Decision Tree Accuracy: 0.74
True Positives: 58, True Negatives: 55, Total Test Cases: 152
TP + TN / Total = 0.74

ANN Accuracy: 0.80
True Positives: 65, True Negatives: 57, Total Test Cases: 152
TP + TN / Total = 0.80



In [7]:
# creating a comparison table
import pandas as pd

# Replace these with your actual results
results = {
    "Model": ["KNN", "Decision Tree", "ANN"],
    "Accuracy (%)": [84.0, 74.0, 80.0],
    "True Positives (TP)": [68, 58, 65],
    "True Negatives (TN)": [59, 55, 57],
    "Total Test Cases": [152, 152, 152]
}

df_results = pd.DataFrame(results)
df_results


Unnamed: 0,Model,Accuracy (%),True Positives (TP),True Negatives (TN),Total Test Cases
0,KNN,84.0,68,59,152
1,Decision Tree,74.0,58,55,152
2,ANN,80.0,65,57,152


#### Analysis and Interpretation
- KNN achieved the highest accuracy at 84%, correctly identifying the most true positives and true negatives overall. Its strength here likely came from the numerical nature of the features and the scaled dataset, which benefits distance-based models like KNN.

- ANN (Artificial Neural Network) followed closely with an 80% accuracy. It struck a balance, performing well on both positive and negative predictions. Its slightly lower accuracy compared to KNN might be due to limited model tuning (e.g., hidden layers, epochs), but it still generalized effectively.

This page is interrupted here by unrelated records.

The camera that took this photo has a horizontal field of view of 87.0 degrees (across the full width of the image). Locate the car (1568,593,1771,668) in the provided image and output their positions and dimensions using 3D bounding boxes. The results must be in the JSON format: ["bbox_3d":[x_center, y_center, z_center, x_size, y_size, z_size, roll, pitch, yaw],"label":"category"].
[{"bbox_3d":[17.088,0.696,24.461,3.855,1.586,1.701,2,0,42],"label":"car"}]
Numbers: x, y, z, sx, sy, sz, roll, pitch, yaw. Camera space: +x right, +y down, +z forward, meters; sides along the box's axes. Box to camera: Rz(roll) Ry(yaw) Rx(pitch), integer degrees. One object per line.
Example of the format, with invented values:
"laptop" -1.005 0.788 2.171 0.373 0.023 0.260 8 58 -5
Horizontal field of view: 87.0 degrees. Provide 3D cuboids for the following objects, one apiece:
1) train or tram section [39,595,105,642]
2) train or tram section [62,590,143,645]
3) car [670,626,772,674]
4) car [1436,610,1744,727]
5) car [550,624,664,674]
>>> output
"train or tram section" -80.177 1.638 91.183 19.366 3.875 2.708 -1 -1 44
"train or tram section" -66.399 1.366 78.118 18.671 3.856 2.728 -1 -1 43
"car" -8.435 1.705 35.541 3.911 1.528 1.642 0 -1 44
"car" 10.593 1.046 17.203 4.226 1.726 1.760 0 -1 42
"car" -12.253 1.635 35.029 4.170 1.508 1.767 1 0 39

- Decision Tree lagged behind with 74% accuracy. While still respectable, it may have been more prone to overfitting, or perhaps it didn’t capture the deeper, nonlinear relationships in the data as well as the other two models.

#### Conclusion
- Ranking (based on accuracy): KNN > ANN > Decision Tree

- KNN is the best performing model for this dataset, suggesting that proximity-based classification worked well.

- ANN is a close second and might outperform with further tuning.

- Decision Trees, while interpretable, underperformed slightly and may require pruning or boosting for better results.

#### Real-Life Applicability                                                                                                                                       
- Doctors and Nurses: The model can help them quickly check if someone might have heart problems during regular hospital visits.

- Health Apps: It can be used in mobile apps to help people in remote or rural areas check their heart health without needing to visit a doctor.

- Healthy Living Advice: If the model says someone is at risk, they can get advice on how to eat better, exercise, or reduce stress to stay healthy.

- Insurance Companies: It can help insurance companies understand a person’s health risk before giving them a health cover or deciding the price of a plan.